Sulin still wore a good deal of her earlier stiffness. “All the more reason for us to be there.”
That could not possibly make sense to anyone not Aiel, but . . . “I will not argue it,” he said. She would try to follow, if he refused; she would summon Maidens who would try to leap through even if he was closing the gateway. “I expect you have the rest of today’s guard just inside. Whistle them up. But everyone is to stay close to me and touch nothing. Be quick about it. I want this done with.” His memories of Shadar Logoth were not pleasant.
“I sent them away as you insisted,” Sulin said disgustedly. “Give me a slow count of one hundred.”
“Ten.”
“Fifty.”
Rand nodded, and her fingers flashed. Jalani darted away inside, and Sulin’s hands flickered again. Three gai’shain women dropped their armloads of maps, looking startled — Aiel never looked that surprised — gathered long white robes and vanished back into the Palace in different directions, but quickly as they moved, Sulin was ahead of them.

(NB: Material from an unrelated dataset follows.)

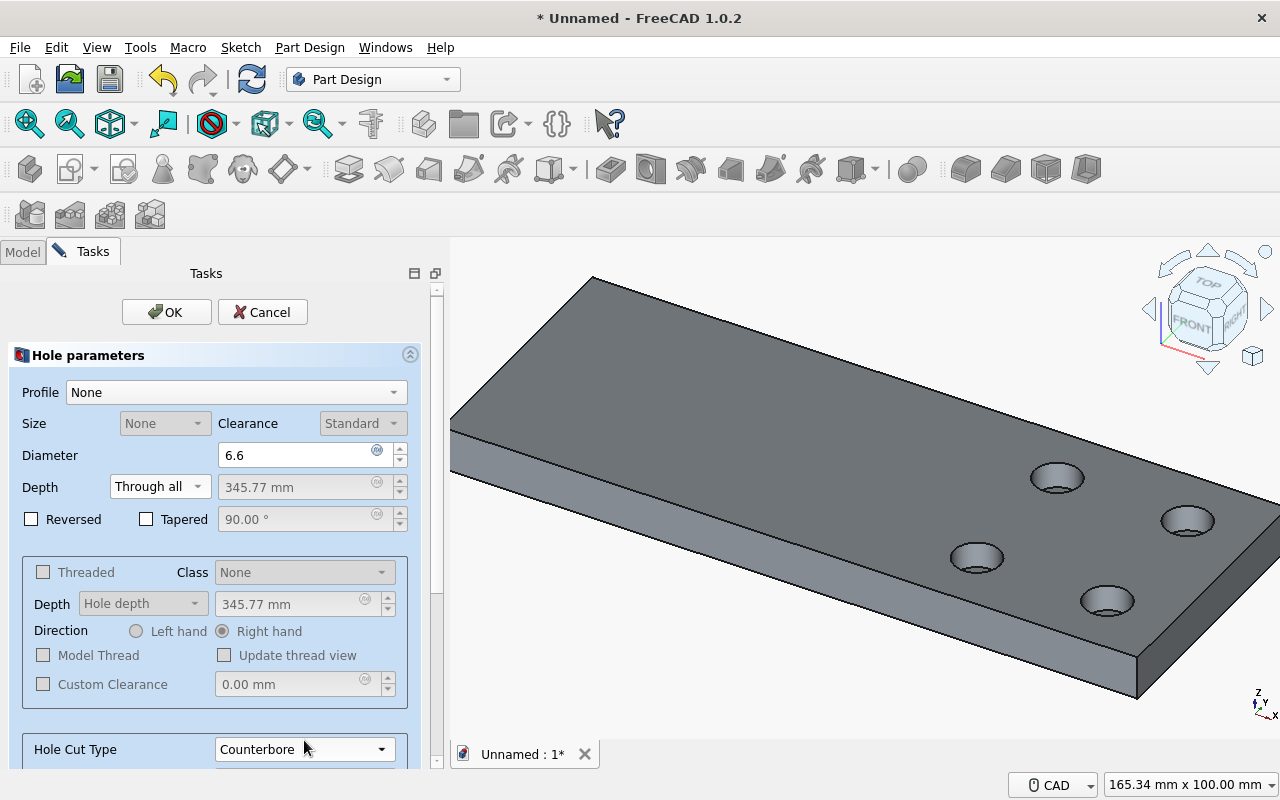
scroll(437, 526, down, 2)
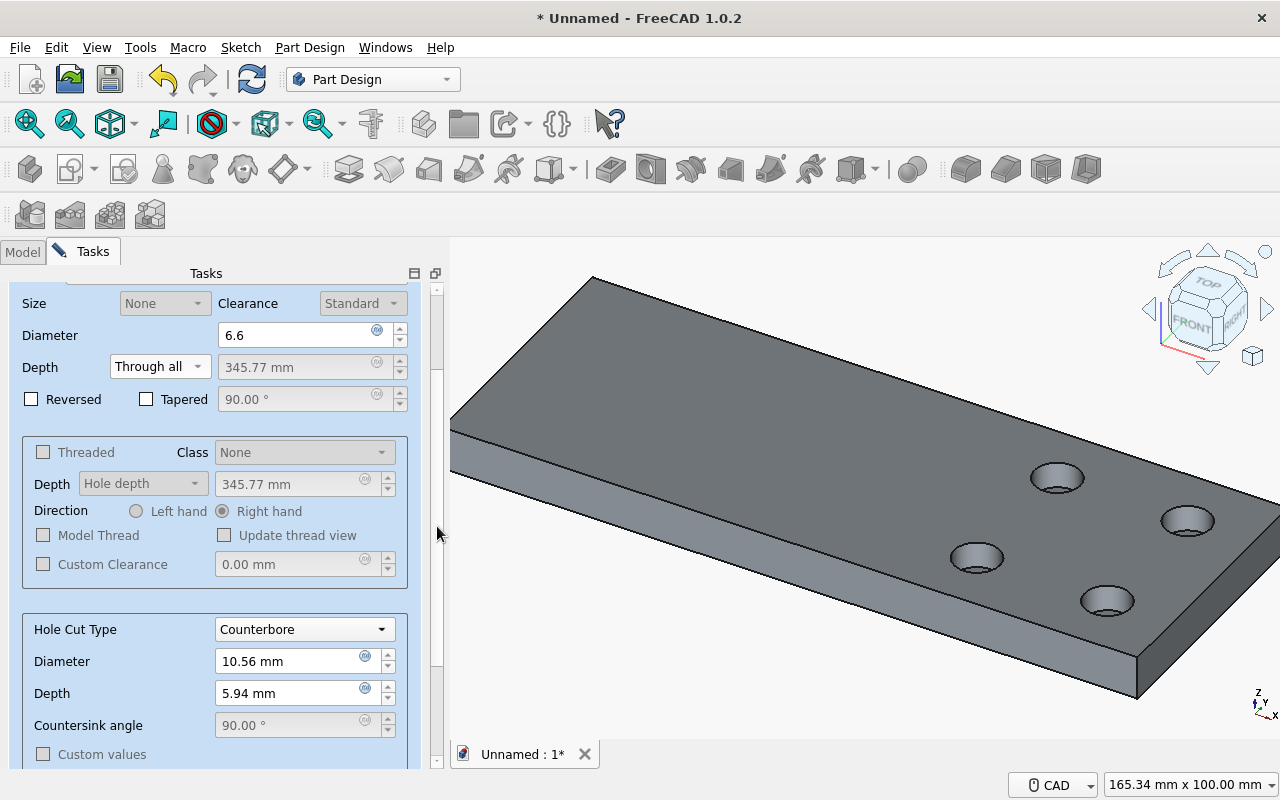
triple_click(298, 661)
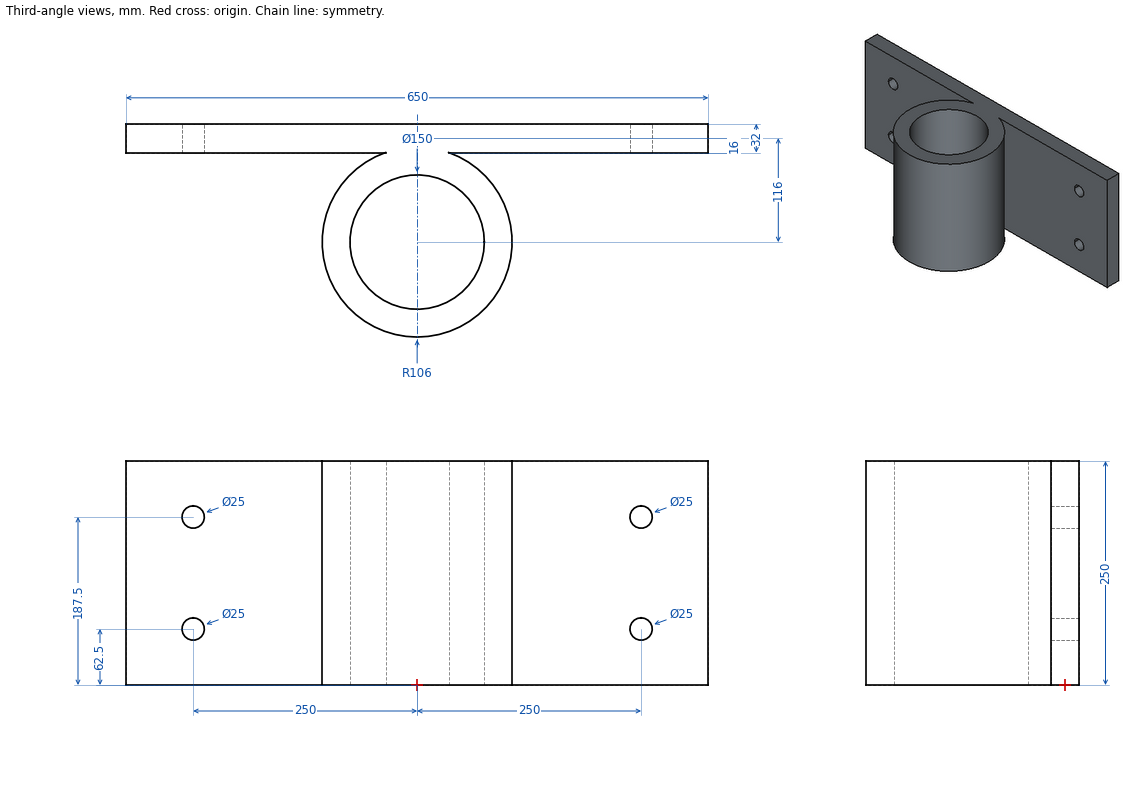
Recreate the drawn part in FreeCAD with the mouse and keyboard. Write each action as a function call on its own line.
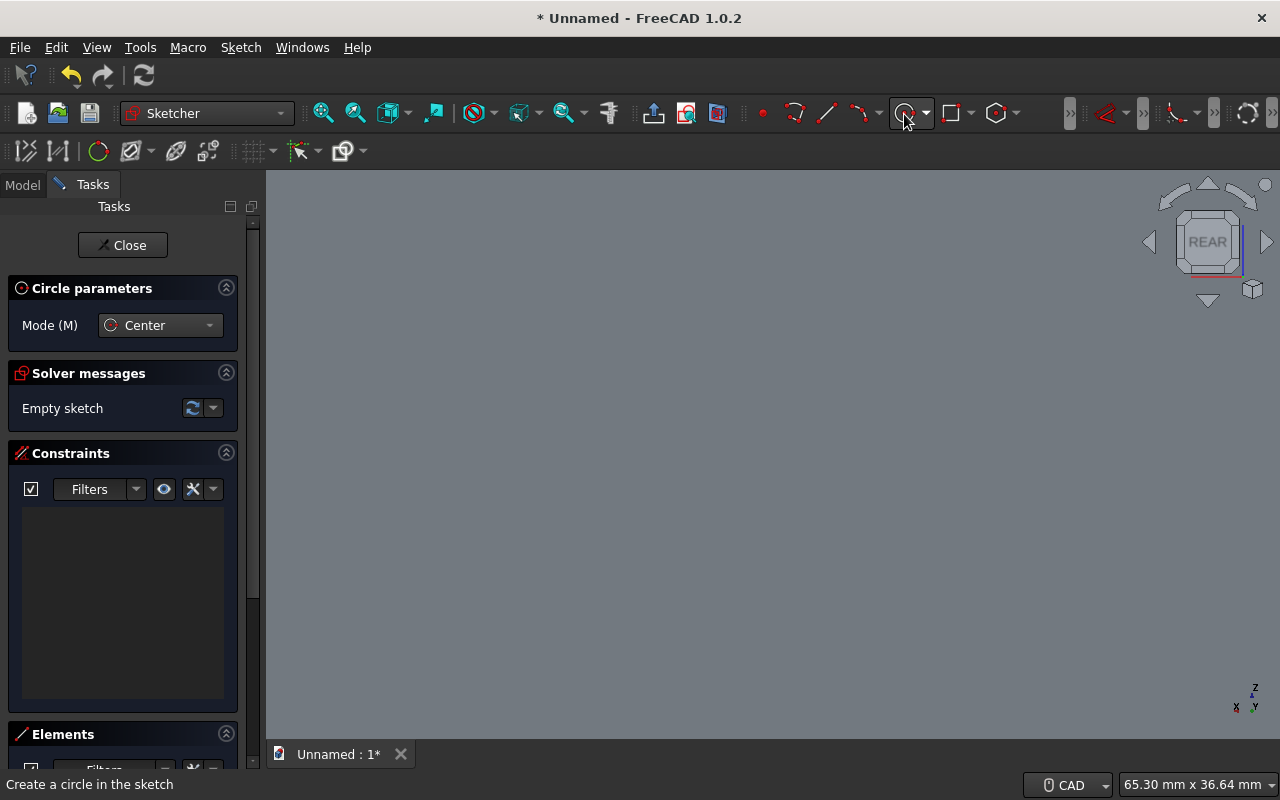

As Rand reached twenty, Aiel began bounding into the courtyard, hurtling though windows, leaping down from balconies. He almost lost the count. Every one was veiled, and only some Maidens. They stared about in confusion when they found only Rand and three Ogier, who blinked at them curiously. Some lowered their veils. The Palace servants huddled together.
The flow continued even after Sulin returned, unveiled, dead on the count of fifty, the courtyard filling with Aiel. Quickly it became clear that she had spread the word the Car’a’carn was in danger, the only way she felt she could gather enough spears in the time allotted. A little sour grumping passed among the men, but most decided it was a fine joke, some chuckling or rattling spears on bucklers. None left, though; they looked at the gateway and settle
d on their haunches to see what was happening.
Ears sharpened with the Power, Rand heard a Maiden named Nandera, sinewy yet still handsome despite more gray than yellow in her hair, whisper to Sulin. “You spoke to gai’shain as Far Dareis Mai.”
Sulin’s blue eyes met Nandera’s green levelly. “I did. We will deal with it when Rand al’Thor is safe today.”
“When he is safe,” Nandera agreed.
Sulin chose out twenty Maidens quickly, some who had been part of the guard that morning and some not, but when Urien began picking Red Shields, men from other societies insisted they should be included. That city through the gateway looked a place where enemies might be found, and the Car’a’carn must be protected. If the truth be told, no Aiel turned away from a possible fight, and the younger they were, the more likely to try to find one. Another argument almost started when Rand said the men could not number more than the Maidens — that would dishonor Far Dareis Mai, since he had given them his honor to carry — and the Maidens not more than Sulin had already chosen. He truly was taking them where no battle skills could protect them, and every one who came with him was one more he would have to watch out for. That he did not explain; no telling whose honor he would step on if he did.
“Remember,” he said once they were sorted out, “touch nothing. Take nothing, not even a sip of water. And stay in sight always; don’t go inside any building for any reason.” Haman and Covril nodded vigorously, which seemed to impress the Aiel more than Rand’s words. So long as they were impressed.